--- Information supplied Enclosed Below ---
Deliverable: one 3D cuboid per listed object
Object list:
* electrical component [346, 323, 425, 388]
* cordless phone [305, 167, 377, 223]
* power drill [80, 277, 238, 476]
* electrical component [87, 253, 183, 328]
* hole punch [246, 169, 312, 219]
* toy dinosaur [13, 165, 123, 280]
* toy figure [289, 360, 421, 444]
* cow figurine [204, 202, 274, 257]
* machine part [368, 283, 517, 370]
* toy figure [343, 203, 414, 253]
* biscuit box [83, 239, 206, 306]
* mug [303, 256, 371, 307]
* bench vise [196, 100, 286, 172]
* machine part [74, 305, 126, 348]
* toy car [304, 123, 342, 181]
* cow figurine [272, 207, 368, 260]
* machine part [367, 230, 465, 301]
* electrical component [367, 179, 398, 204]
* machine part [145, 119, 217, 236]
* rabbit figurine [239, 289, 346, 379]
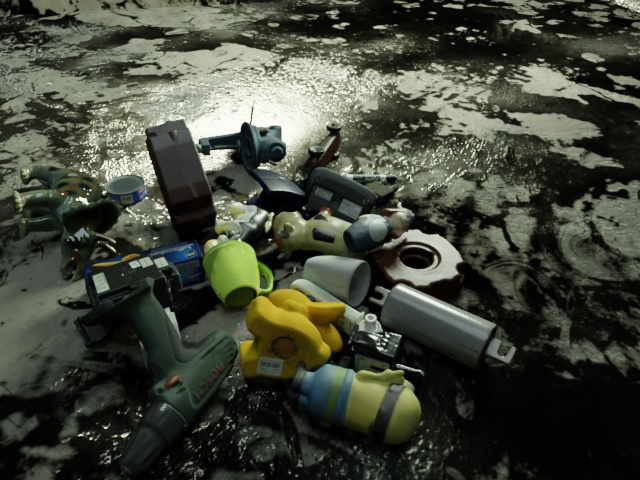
[{"bbox_3d":[0.099,0.177,0.797,0.119,0.074,0.048,10,38,19],"label":"electrical component"},{"bbox_3d":[0.042,-0.095,1.157,0.147,0.088,0.184,25,8,-1],"label":"cordless phone"},{"bbox_3d":[-0.231,0.166,0.734,0.207,0.086,0.232,49,44,1],"label":"power drill"},{"bbox_3d":[-0.294,0.074,0.863,0.134,0.058,0.115,-18,29,-21],"label":"electrical component"},{"bbox_3d":[-0.090,-0.100,1.154,0.116,0.092,0.142,-16,36,-26],"label":"hole punch"},{"bbox_3d":[-0.515,-0.083,1.110,0.192,0.131,0.405,-1,31,-24],"label":"toy dinosaur"},{"bbox_3d":[0.046,0.222,0.734,0.180,0.082,0.089,11,51,5],"label":"toy figure"},{"bbox_3d":[-0.152,-0.006,1.034,0.098,0.068,0.167,7,37,16],"label":"cow figurine"},{"bbox_3d":[0.186,0.135,0.852,0.243,0.079,0.079,24,43,26],"label":"machine part"},{"bbox_3d":[0.116,-0.022,0.977,0.154,0.064,0.058,-22,33,-24],"label":"toy figure"},{"bbox_3d":[-0.310,0.058,0.960,0.203,0.059,0.063,-14,39,-19],"label":"biscuit box"},{"bbox_3d":[0.031,0.061,0.951,0.107,0.080,0.109,15,21,28],"label":"mug"},{"bbox_3d":[-0.195,-0.237,1.308,0.241,0.128,0.224,-10,38,-23],"label":"bench vise"},{"bbox_3d":[-0.331,0.124,0.892,0.139,0.039,0.084,-24,38,-27],"label":"machine part"},{"bbox_3d":[0.008,-0.213,1.300,0.053,0.089,0.202,10,38,14],"label":"toy car"},{"bbox_3d":[-0.002,-0.003,1.031,0.195,0.085,0.127,19,39,16],"label":"cow figurine"},{"bbox_3d":[0.175,0.048,0.985,0.179,0.056,0.179,1,37,-1],"label":"machine part"},{"bbox_3d":[0.131,-0.110,1.220,0.094,0.021,0.063,-29,46,-32],"label":"electrical component"},{"bbox_3d":[-0.274,-0.117,1.053,0.087,0.201,0.201,-20,-3,-15],"label":"machine part"},{"bbox_3d":[-0.042,0.125,0.837,0.162,0.121,0.173,1,18,-4],"label":"rabbit figurine"}]
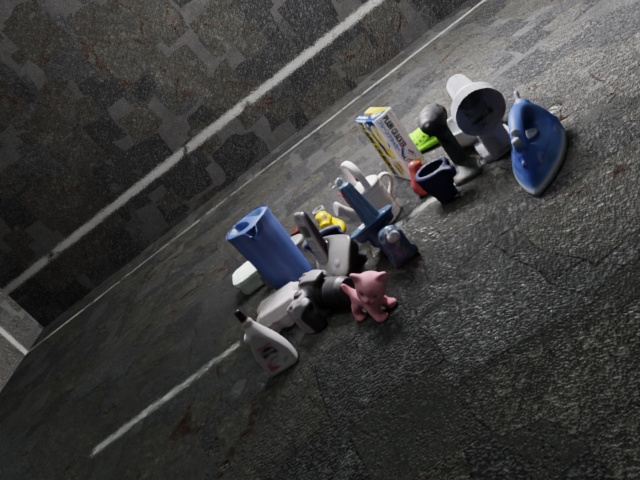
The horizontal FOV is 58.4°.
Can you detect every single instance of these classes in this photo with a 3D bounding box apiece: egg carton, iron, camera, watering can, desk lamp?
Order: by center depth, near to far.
[{"bbox_3d":[0.439,-0.214,1.215,0.118,0.142,0.258,-24,24,35],"label":"iron"},{"bbox_3d":[0.009,0.124,1.286,0.136,0.101,0.143,-13,32,50],"label":"camera"},{"bbox_3d":[0.385,-0.297,1.383,0.118,0.214,0.203,-33,20,14],"label":"desk lamp"},{"bbox_3d":[-0.088,0.168,1.405,0.150,0.069,0.107,-35,20,10],"label":"egg carton"},{"bbox_3d":[0.113,-0.121,1.500,0.100,0.194,0.173,-9,35,54],"label":"watering can"}]

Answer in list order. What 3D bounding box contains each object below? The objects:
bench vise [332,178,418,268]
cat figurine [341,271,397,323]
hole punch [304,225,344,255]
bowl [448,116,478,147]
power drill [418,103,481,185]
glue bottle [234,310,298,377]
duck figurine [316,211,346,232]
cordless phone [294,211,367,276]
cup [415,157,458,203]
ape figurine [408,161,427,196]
[{"bbox_3d":[0.126,-0.053,1.291,0.122,0.220,0.206,-46,21,-20],"label":"bench vise"},{"bbox_3d":[0.093,0.104,1.156,0.127,0.118,0.067,-10,34,53],"label":"cat figurine"},{"bbox_3d":[0.014,0.003,1.557,0.108,0.091,0.101,-35,20,11],"label":"hole punch"},{"bbox_3d":[0.410,-0.303,1.559,0.167,0.075,0.167,-33,20,14],"label":"bowl"},{"bbox_3d":[0.310,-0.244,1.404,0.075,0.209,0.229,-30,21,22],"label":"power drill"},{"bbox_3d":[-0.125,0.212,1.218,0.078,0.173,0.037,-35,20,9],"label":"glue bottle"},{"bbox_3d":[0.022,-0.048,1.661,0.077,0.086,0.104,-32,21,17],"label":"duck figurine"},{"bbox_3d":[0.013,0.005,1.413,0.094,0.185,0.147,-50,23,-28],"label":"cordless phone"},{"bbox_3d":[0.296,-0.138,1.367,0.092,0.095,0.117,-47,22,-23],"label":"cup"},{"bbox_3d":[0.264,-0.167,1.491,0.076,0.092,0.078,-33,21,15],"label":"ape figurine"}]
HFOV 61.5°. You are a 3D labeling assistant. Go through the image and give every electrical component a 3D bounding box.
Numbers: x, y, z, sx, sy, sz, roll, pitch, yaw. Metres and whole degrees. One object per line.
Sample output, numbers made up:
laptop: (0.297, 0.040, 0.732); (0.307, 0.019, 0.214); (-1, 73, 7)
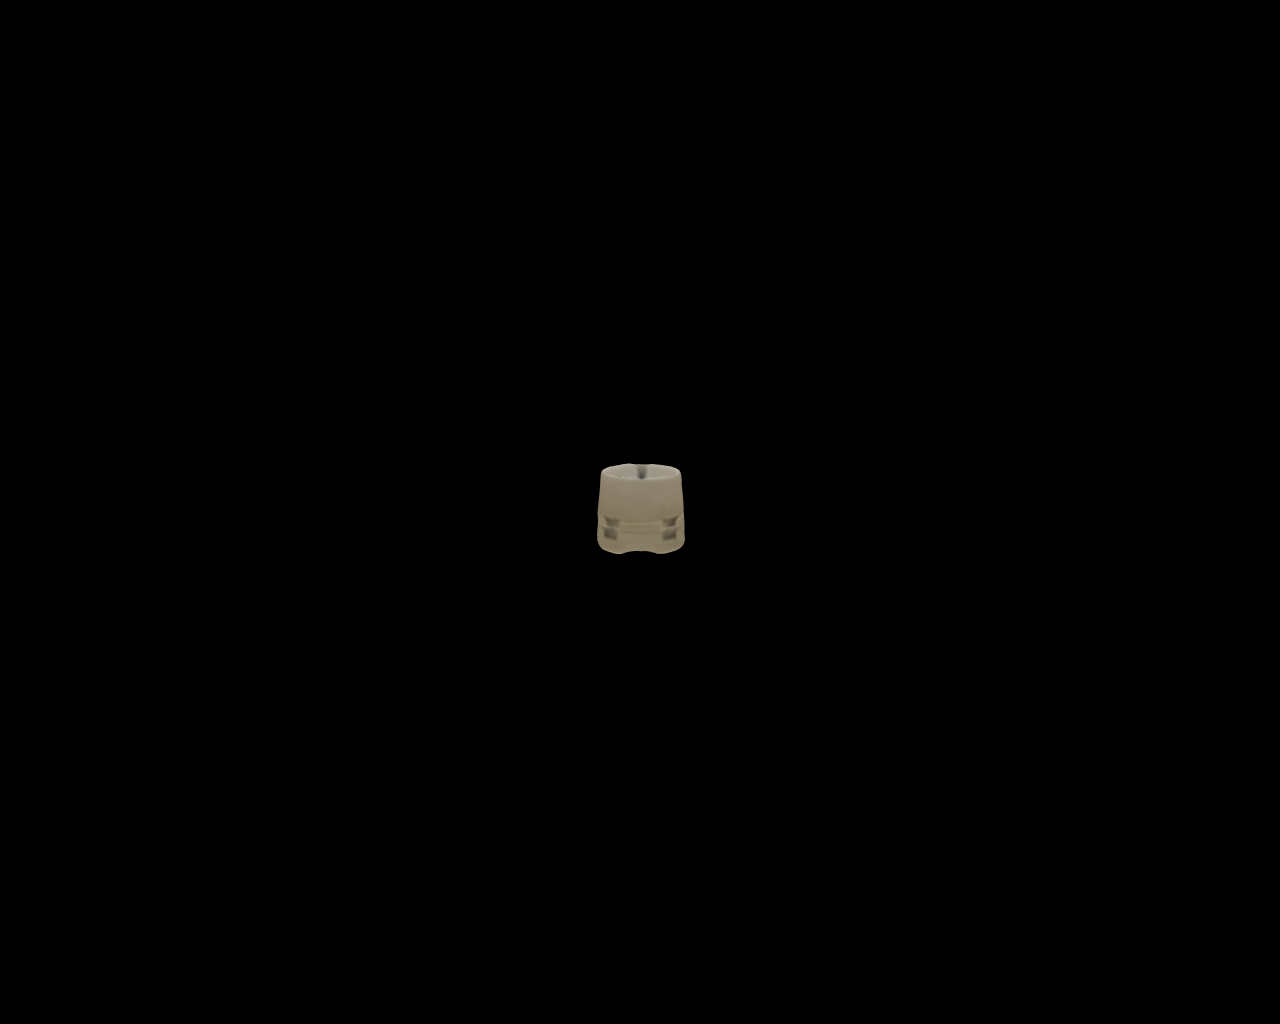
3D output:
electrical component: (0.001, -0.003, 0.650); (0.055, 0.047, 0.055); (0, 14, 0)
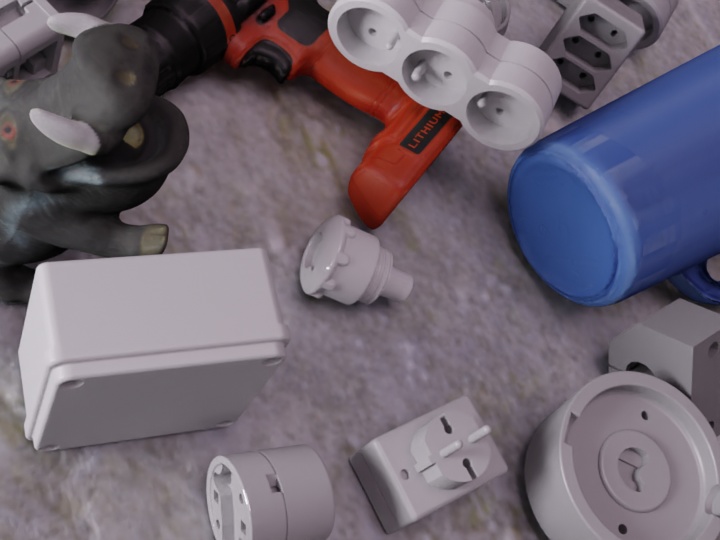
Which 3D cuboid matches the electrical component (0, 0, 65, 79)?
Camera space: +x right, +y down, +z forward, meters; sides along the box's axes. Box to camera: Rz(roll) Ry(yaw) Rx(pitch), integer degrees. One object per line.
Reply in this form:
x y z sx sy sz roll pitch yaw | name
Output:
-0.241 -0.146 0.543 0.186 0.105 0.060 46 58 2 | electrical component

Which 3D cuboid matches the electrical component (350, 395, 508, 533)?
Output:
0.044 0.097 0.566 0.066 0.076 0.047 -21 76 -29 | electrical component

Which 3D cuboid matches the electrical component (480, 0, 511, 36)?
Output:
0.063 -0.160 0.705 0.078 0.057 0.058 11 63 -18 | electrical component

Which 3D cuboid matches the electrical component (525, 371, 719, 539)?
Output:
0.145 0.118 0.608 0.108 0.060 0.108 9 64 -19 | electrical component

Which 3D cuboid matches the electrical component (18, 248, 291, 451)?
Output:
-0.102 0.039 0.514 0.109 0.108 0.056 -5 66 -24 | electrical component

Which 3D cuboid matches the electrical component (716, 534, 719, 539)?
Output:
0.243 0.183 0.618 0.150 0.061 0.089 -34 83 -31 | electrical component

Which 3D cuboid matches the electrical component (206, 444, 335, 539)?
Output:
-0.044 0.115 0.535 0.047 0.055 0.055 -7 70 -29 | electrical component

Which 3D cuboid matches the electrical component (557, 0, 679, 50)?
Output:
0.174 -0.229 0.785 0.138 0.052 0.073 36 58 -4 | electrical component

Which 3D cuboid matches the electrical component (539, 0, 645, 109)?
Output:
0.157 -0.161 0.745 0.047 0.065 0.076 31 30 -7 | electrical component

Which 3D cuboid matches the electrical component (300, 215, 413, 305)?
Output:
0.000 0.000 0.613 0.062 0.048 0.048 23 60 -20 | electrical component

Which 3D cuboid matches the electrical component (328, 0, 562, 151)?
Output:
0.056 -0.134 0.626 0.138 0.052 0.073 31 54 -4 | electrical component

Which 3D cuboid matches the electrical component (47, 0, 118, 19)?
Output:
-0.171 -0.187 0.598 0.099 0.099 0.064 30 53 -8 | electrical component
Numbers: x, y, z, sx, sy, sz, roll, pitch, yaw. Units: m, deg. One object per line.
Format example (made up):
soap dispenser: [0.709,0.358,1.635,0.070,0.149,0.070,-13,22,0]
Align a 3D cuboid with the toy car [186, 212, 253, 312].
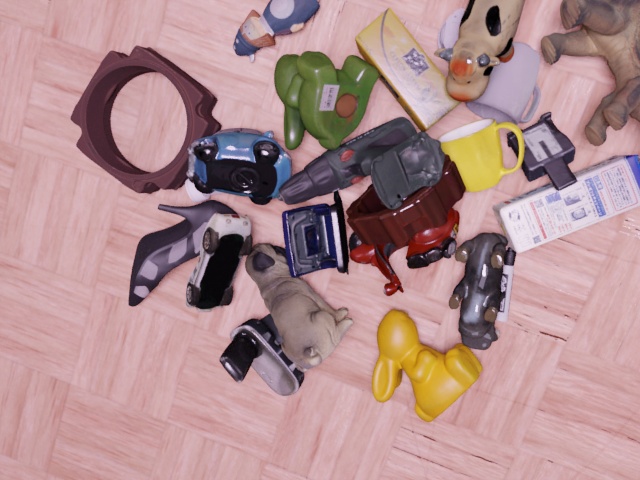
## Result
toy car: [-0.167,0.042,0.881,0.073,0.056,0.201,4,128,-30]

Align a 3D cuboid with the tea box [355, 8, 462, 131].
tea box: [0.130,-0.246,0.800,0.068,0.098,0.169,-37,91,11]

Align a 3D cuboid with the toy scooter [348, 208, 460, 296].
toy scooter: [0.135,0.017,0.825,0.184,0.135,0.075,-21,134,14]

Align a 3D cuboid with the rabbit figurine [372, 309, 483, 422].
rabbit figurine: [0.156,0.196,0.877,0.173,0.122,0.162,48,112,12]

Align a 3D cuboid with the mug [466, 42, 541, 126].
mug: [0.286,-0.228,0.793,0.109,0.081,0.107,22,97,-18]

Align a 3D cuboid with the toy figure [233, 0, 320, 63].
toy figure: [-0.075,-0.339,0.835,0.154,0.057,0.064,-29,56,13]

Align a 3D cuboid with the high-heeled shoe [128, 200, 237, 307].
high-heeled shoe: [-0.236,0.030,0.927,0.145,0.086,0.248,15,123,-26]

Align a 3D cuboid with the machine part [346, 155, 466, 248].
machine part: [0.126,-0.058,0.792,0.179,0.179,0.056,-29,111,11]

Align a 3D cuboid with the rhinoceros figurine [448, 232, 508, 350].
rhinoceros figurine: [0.247,0.082,0.833,0.073,0.112,0.190,7,106,23]

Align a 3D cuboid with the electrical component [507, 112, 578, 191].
electrical component: [0.336,-0.122,0.791,0.075,0.047,0.119,-30,66,10]

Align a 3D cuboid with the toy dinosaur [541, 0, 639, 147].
toy dinosaur: [0.415,-0.298,0.737,0.199,0.105,0.471,-20,89,-7]

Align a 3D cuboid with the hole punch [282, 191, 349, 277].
hole punch: [-0.002,-0.003,0.848,0.092,0.116,0.142,-10,94,12]

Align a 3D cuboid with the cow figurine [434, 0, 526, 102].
cow figurine: [0.219,-0.278,0.708,0.086,0.127,0.194,22,102,26]

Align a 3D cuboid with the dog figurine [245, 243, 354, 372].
dog figurine: [-0.055,0.099,0.850,0.121,0.172,0.190,-43,99,1]

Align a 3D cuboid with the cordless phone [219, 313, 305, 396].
cordless phone: [-0.093,0.204,0.861,0.089,0.184,0.146,-39,92,8]

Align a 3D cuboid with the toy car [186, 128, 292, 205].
toy car: [-0.125,-0.127,0.850,0.162,0.103,0.109,6,133,-7]

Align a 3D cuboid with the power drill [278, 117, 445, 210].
power drill: [0.065,-0.099,0.769,0.232,0.207,0.086,-30,106,-13]

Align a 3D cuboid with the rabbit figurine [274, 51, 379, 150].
rabbit figurine: [-0.007,-0.218,0.815,0.121,0.170,0.158,-17,129,-28]

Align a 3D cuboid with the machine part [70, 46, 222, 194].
machine part: [-0.282,-0.191,0.872,0.201,0.087,0.201,37,102,-1]
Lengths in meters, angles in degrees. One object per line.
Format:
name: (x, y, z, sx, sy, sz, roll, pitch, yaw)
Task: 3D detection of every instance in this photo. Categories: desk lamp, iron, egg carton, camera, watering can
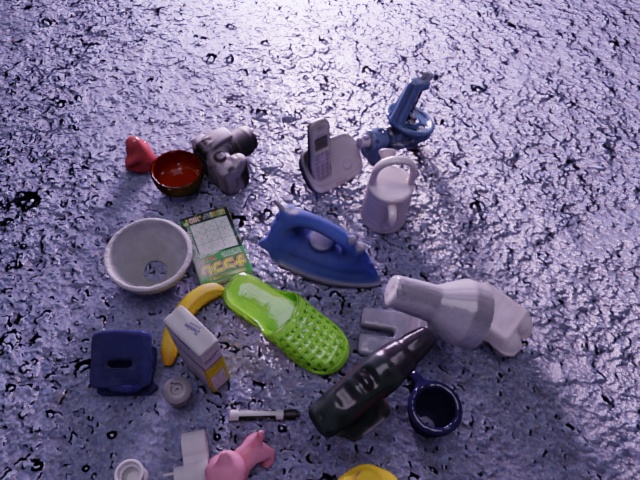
desk lamp: (0.181, 0.140, 1.015, 0.203, 0.213, 0.118, 8, 56, 1)
iron: (0.010, 0.004, 1.136, 0.258, 0.141, 0.119, 22, 57, 10)
egg carton: (0.331, 0.152, 1.106, 0.150, 0.069, 0.107, 36, 61, 19)
camera: (-0.199, -0.199, 1.280, 0.137, 0.101, 0.143, -35, 65, -24)
watering can: (0.142, -0.113, 1.194, 0.101, 0.194, 0.172, -17, 59, -15)

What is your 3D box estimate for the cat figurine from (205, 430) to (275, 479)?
cat figurine: (-0.131, 0.352, 0.904, 0.067, 0.118, 0.128, 39, 62, 20)

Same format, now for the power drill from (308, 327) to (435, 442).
power drill: (0.081, 0.247, 0.937, 0.230, 0.208, 0.075, -32, 64, -23)

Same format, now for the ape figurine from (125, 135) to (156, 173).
ape figurine: (-0.403, -0.195, 1.266, 0.076, 0.092, 0.078, 30, 59, 15)

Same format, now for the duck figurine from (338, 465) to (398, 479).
duck figurine: (0.078, 0.392, 0.913, 0.104, 0.086, 0.077, -1, 56, -5)

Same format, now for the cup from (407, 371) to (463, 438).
cup: (0.181, 0.290, 0.985, 0.092, 0.095, 0.117, -22, 60, -18)

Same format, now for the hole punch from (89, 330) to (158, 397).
hole punch: (-0.340, 0.215, 0.995, 0.108, 0.091, 0.101, 0, 56, -5)

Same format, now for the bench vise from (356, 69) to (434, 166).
bench vise: (0.184, -0.265, 1.284, 0.121, 0.220, 0.208, 35, 60, 18)

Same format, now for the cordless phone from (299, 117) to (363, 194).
cordless phone: (0.027, -0.201, 1.249, 0.148, 0.185, 0.094, -32, 64, -23)

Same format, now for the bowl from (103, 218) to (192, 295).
bowl: (-0.330, 0.044, 1.121, 0.167, 0.075, 0.167, 2, 56, -3)
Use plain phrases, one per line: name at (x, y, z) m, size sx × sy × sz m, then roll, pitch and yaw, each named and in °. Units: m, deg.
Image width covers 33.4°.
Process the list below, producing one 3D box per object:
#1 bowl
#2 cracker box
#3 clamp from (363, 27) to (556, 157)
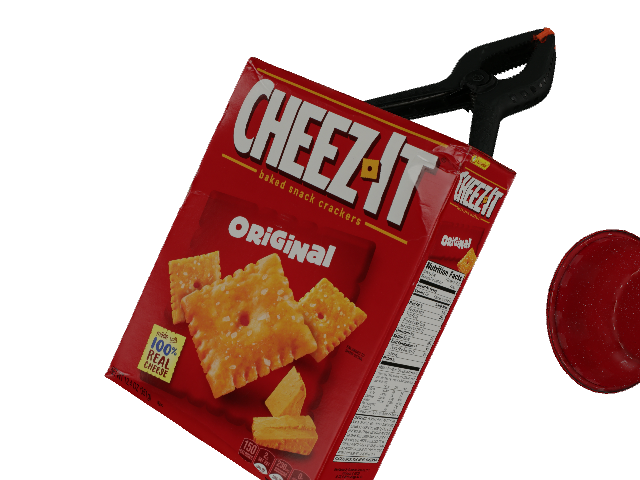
bowl at (0.296, 0.070, 1.021) m, size 0.161 × 0.162 × 0.055 m, roll 0°, pitch 1°, yaw -27°
cracker box at (-0.011, 0.022, 0.615) m, size 0.164 × 0.214 × 0.072 m, roll 27°, pitch 5°, yaw 32°
clamp at (0.147, -0.126, 0.963) m, size 0.209 × 0.036 × 0.165 m, roll -32°, pitch 45°, yaw -18°
--- End of Enclosed Information supplied ---
Once the line with "128, 292, 205]." is found in the records above, print exactly that line and every line after it through the line with "name: (x, y, z, sx, sy, sz, roll, pitch, yaw)".

Align a 3D cuboid with the toy car [186, 128, 292, 205].
toy car: [-0.125,-0.127,0.850,0.162,0.103,0.109,6,133,-7]

Align a 3D cuboid with the power drill [278, 117, 445, 210].
power drill: [0.065,-0.099,0.769,0.232,0.207,0.086,-30,106,-13]

Align a 3D cuboid with the rabbit figurine [274, 51, 379, 150].
rabbit figurine: [-0.007,-0.218,0.815,0.121,0.170,0.158,-17,129,-28]

Align a 3D cuboid with the machine part [70, 46, 222, 194].
machine part: [-0.282,-0.191,0.872,0.201,0.087,0.201,37,102,-1]
Lengths in meters, angles in degrees. One object per line.
Format:
name: (x, y, z, sx, sy, sz, roll, pitch, yaw)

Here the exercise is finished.